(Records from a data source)
*** Begin section ***
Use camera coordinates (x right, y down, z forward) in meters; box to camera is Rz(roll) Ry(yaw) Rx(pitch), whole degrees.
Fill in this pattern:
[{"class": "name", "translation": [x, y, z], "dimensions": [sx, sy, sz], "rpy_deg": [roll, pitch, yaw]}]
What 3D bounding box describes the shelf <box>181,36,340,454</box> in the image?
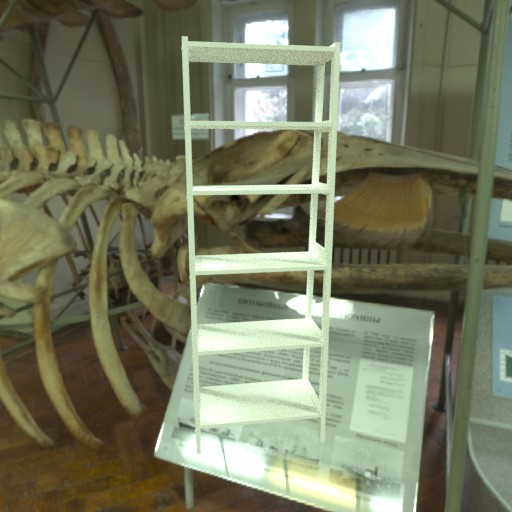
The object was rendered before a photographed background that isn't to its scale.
[{"class": "shelf", "translation": [0.000, 0.000, 2.196], "dimensions": [0.660, 1.892, 0.381], "rpy_deg": [-2, 13, -9]}]
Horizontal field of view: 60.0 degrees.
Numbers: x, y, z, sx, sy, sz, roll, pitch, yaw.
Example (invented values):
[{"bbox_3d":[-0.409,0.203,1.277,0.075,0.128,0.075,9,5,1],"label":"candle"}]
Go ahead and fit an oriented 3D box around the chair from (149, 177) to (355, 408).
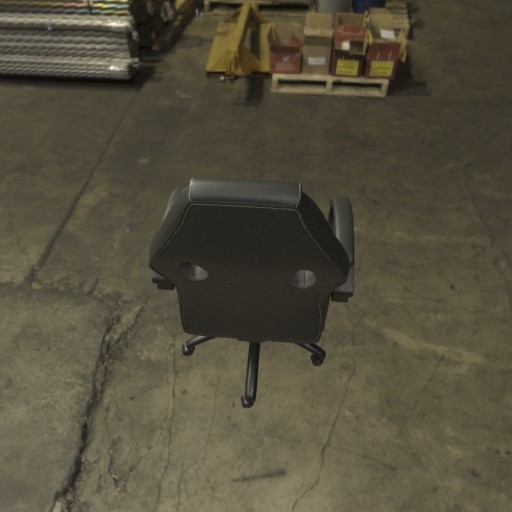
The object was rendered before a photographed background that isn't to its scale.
[{"bbox_3d":[0.000,0.000,1.653,0.673,1.187,0.724,4,48,3],"label":"chair"}]
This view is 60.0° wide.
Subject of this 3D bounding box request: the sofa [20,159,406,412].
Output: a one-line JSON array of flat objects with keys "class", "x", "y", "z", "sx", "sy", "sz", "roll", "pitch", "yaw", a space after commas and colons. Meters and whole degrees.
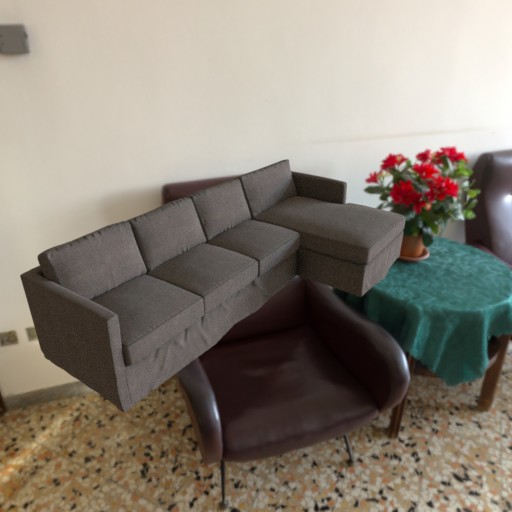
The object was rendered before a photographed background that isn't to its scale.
[{"class": "sofa", "x": 0.000, "y": 0.000, "z": 3.831, "sx": 1.650, "sy": 0.922, "sz": 3.205, "roll": 18, "pitch": 32, "yaw": 31}]
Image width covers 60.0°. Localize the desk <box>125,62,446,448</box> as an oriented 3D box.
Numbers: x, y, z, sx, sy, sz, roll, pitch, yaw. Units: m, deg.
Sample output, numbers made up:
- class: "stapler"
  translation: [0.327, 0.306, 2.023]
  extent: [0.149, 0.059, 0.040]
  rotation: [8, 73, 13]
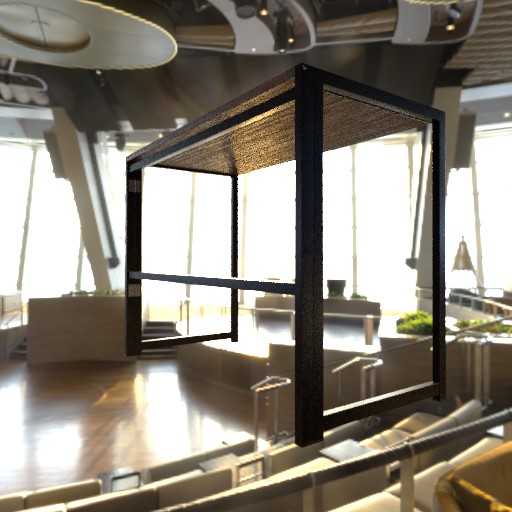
*** End section ***
**Requirement**
The expected answer is every line above in which the word "whole" appears.

**Task solution**
Use camera coordinates (x right, y down, z forward) in meters; box to camera is Rz(roll) Ry(yaw) Rx(pitch), whole degrees.
Output: a one-line JSON array of flat objects with keys "class", "x", "y", "z", "sx", "sy", "sz", "roll", "pitch", "yaw", a space after commas and colons. Meters and whole degrees.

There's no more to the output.